Comment 16 Arvid Requate univentionstaff 2021-09-08 12:08:19 CEST
Found again in a log file of a customer (Ticket #2021090221000277), no further circumstances known.
Comment 17 Arvid Requate univentionstaff 2021-11-04 12:54:01 CET
+1 Ticket #2021102921000312
Comment 18 Arvid Requate univentionstaff 2021-11-04 12:55:56 CET
Impact: rpc server on port 135 gone => Samba/AD DC unreachable for RPC calls.
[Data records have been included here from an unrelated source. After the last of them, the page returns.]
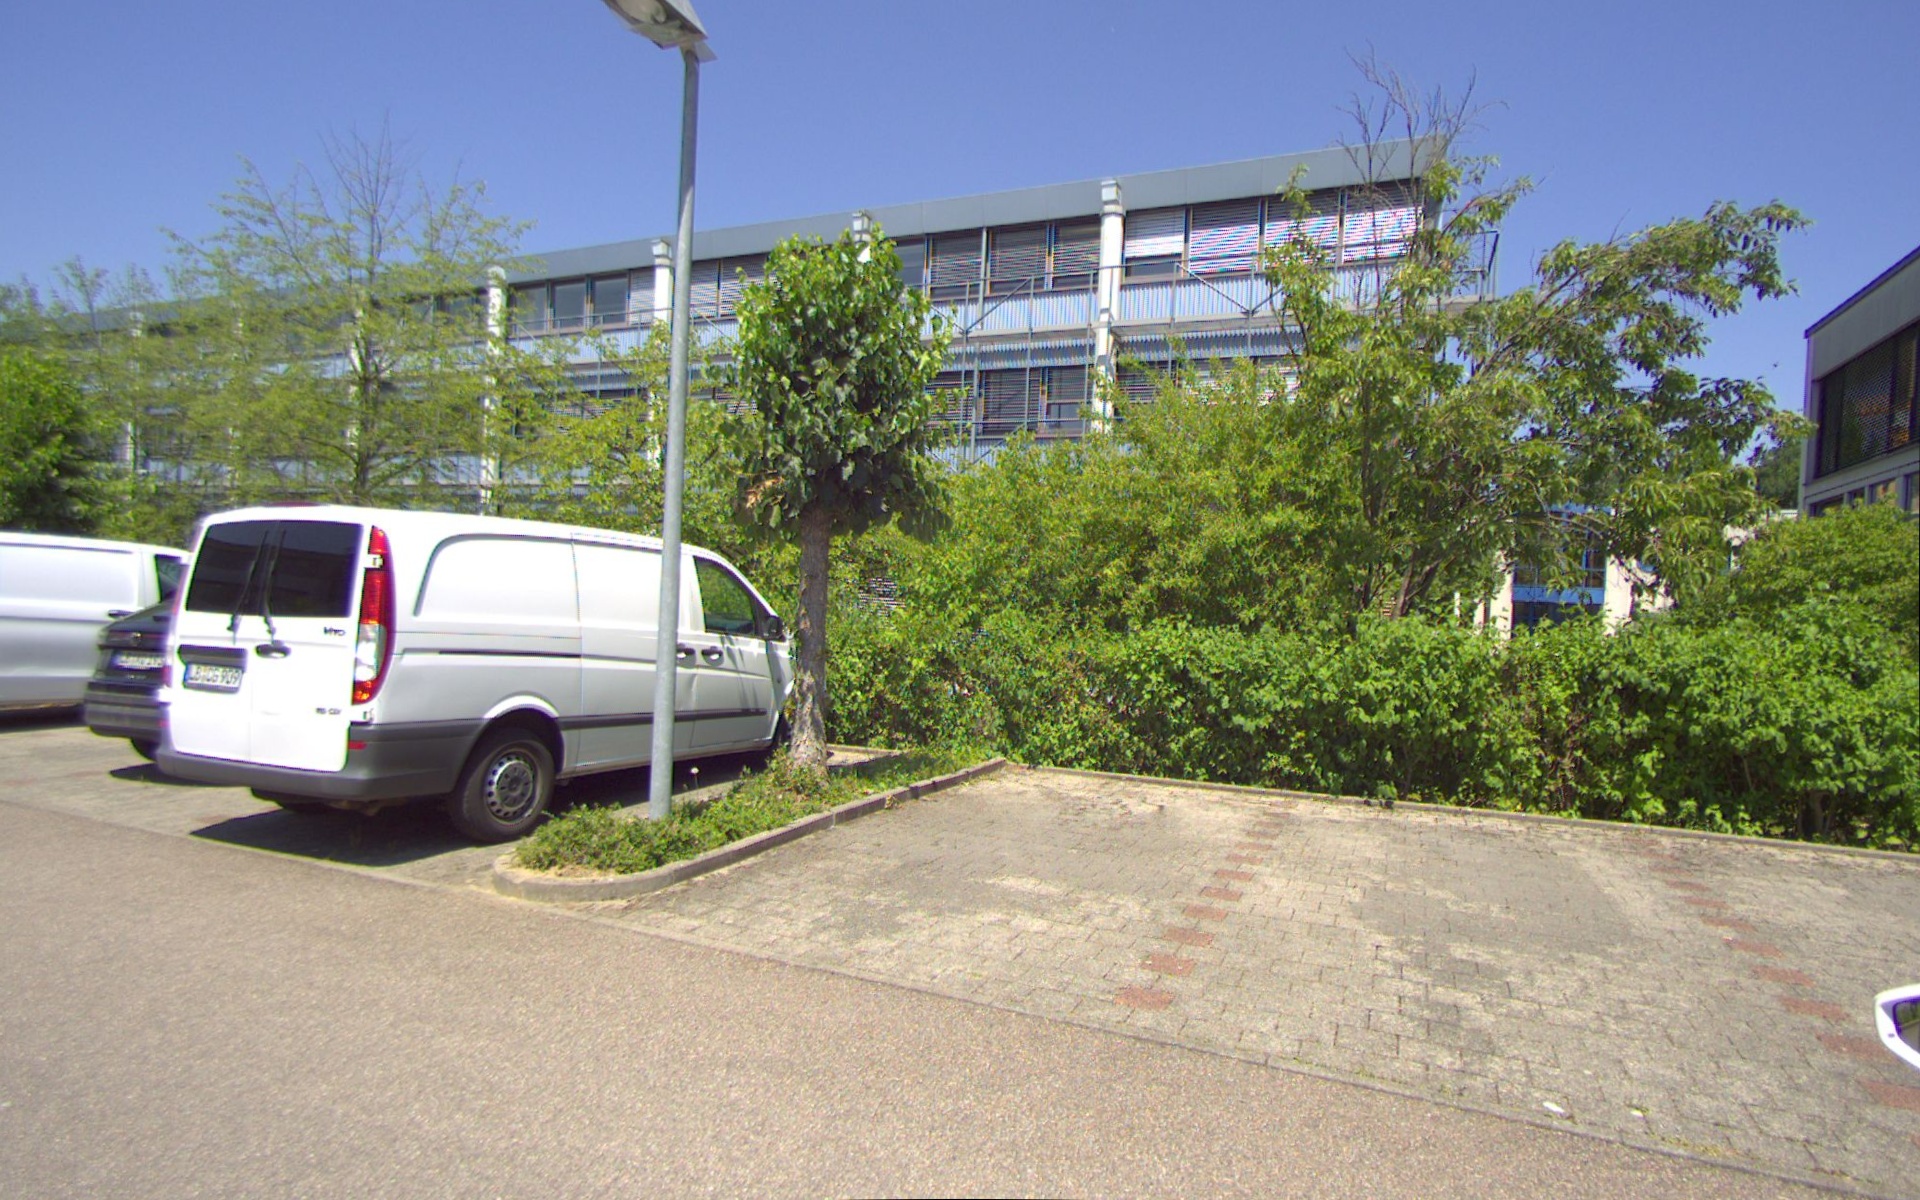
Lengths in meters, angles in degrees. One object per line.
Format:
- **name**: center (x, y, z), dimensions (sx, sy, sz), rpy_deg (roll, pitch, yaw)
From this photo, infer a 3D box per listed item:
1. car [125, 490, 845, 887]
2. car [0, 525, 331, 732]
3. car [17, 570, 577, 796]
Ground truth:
- **car**: center (-2.872, 0.446, 7.476), dimensions (1.882, 1.930, 4.806), rpy_deg (1, 0, 23)
- **car**: center (-9.449, 0.247, 10.312), dimensions (1.852, 1.916, 4.799), rpy_deg (2, 0, 25)
- **car**: center (-5.421, 0.571, 8.933), dimensions (1.724, 1.496, 4.002), rpy_deg (1, 0, 15)
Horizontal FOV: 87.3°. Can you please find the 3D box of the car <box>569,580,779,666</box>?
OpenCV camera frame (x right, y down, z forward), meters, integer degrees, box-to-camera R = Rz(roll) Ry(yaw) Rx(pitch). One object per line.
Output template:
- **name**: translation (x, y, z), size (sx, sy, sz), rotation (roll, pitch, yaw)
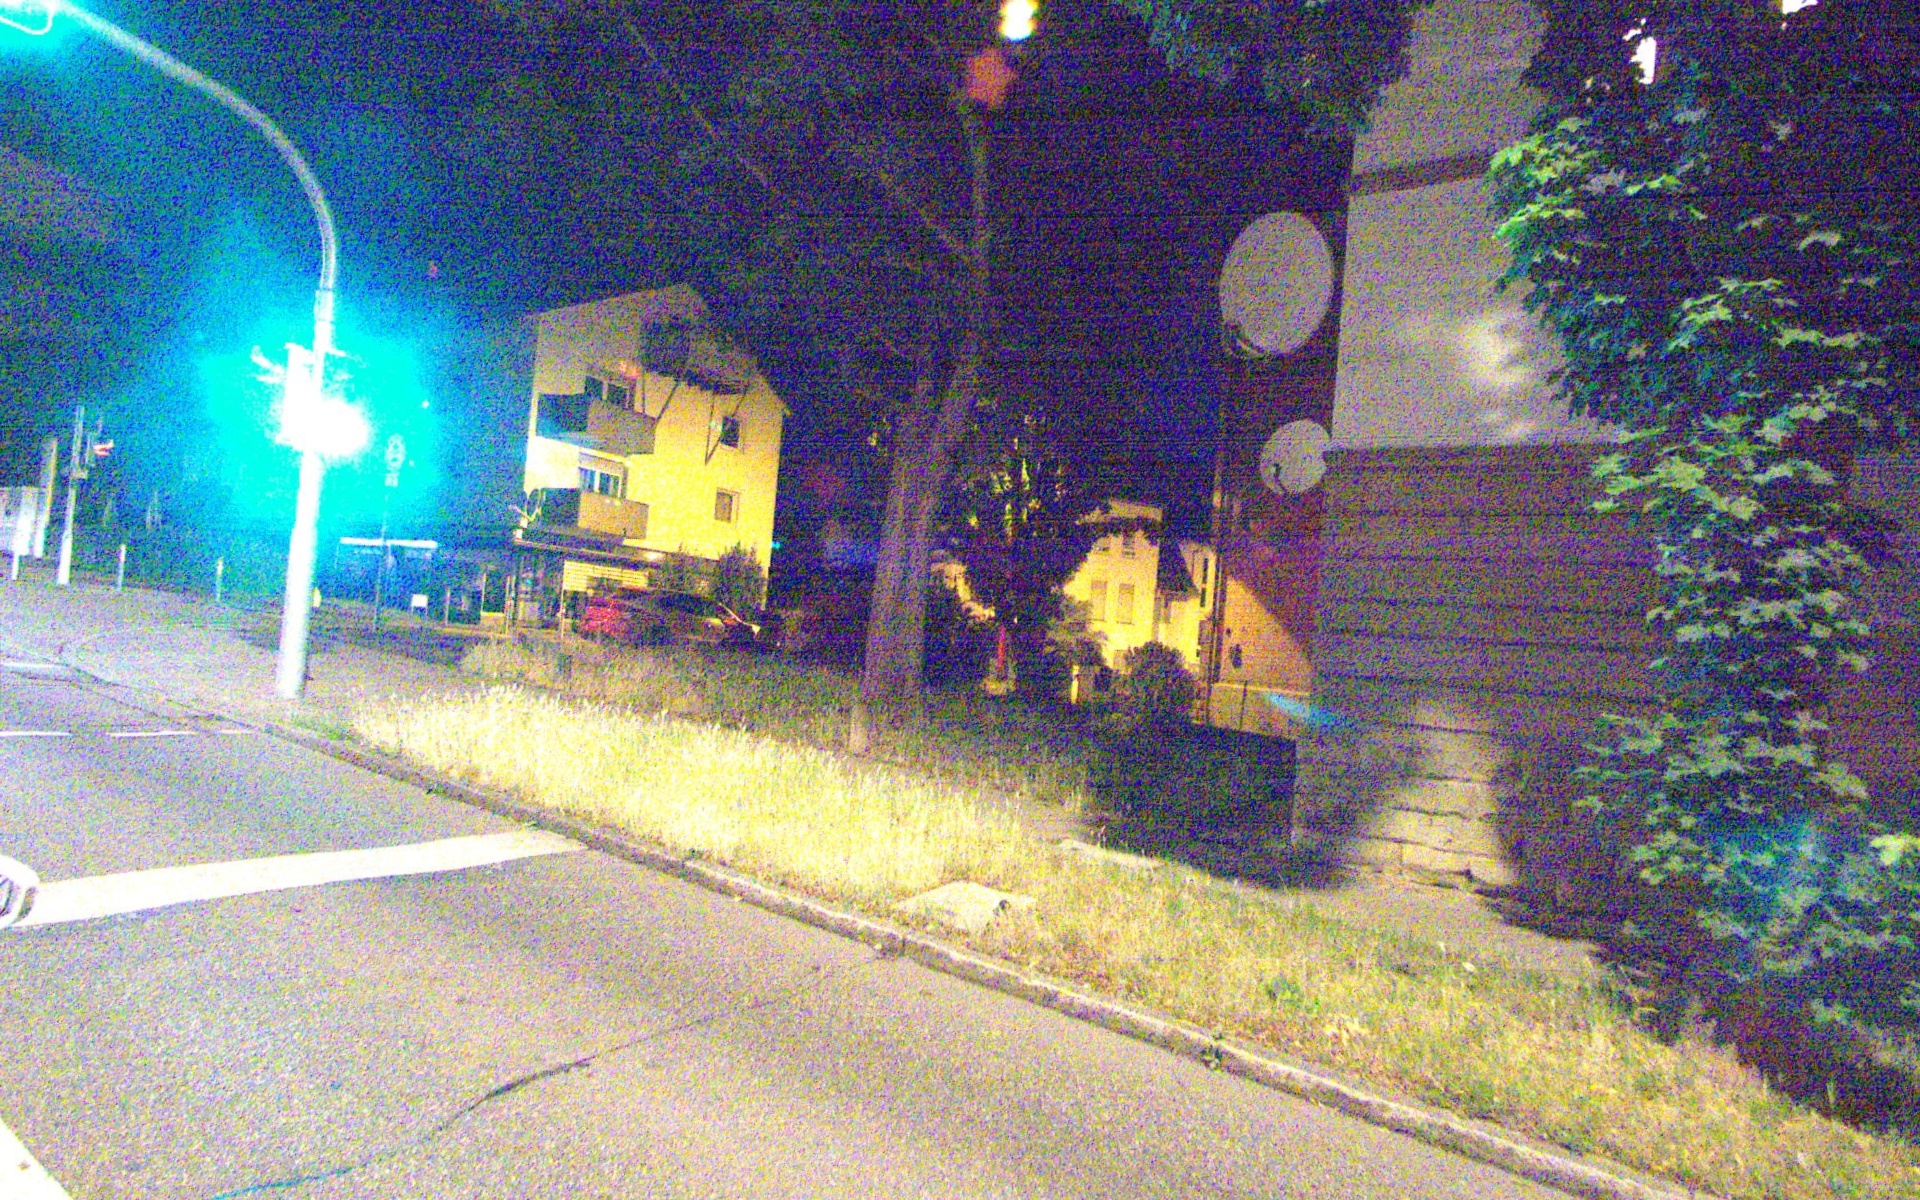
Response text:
- **car**: translation (-6.503, 0.584, 23.288), size (1.778, 1.577, 4.366), rotation (3, -3, 38)

Comment 19 Arvid Requate univentionstaff 2021-11-04 14:20:27 CET
Created attachment 10853 [details]
bug49593-idea2.diff

One could attempt to mitigate like sketched in the attached patch, but this will 1) not compile like this, because the talloc internals are encapsuled in lib/talloc/talloc.c and 2) will only avoid the panic at that location but may well result in a panic at some later stage, because the DSDB_SESSION_INFO is still invalid in that context.

We would need to catch the triggering action/system as it happens in an affected customer or test environment. Maybe it's an unjoined client/memberserver connecting or whatever.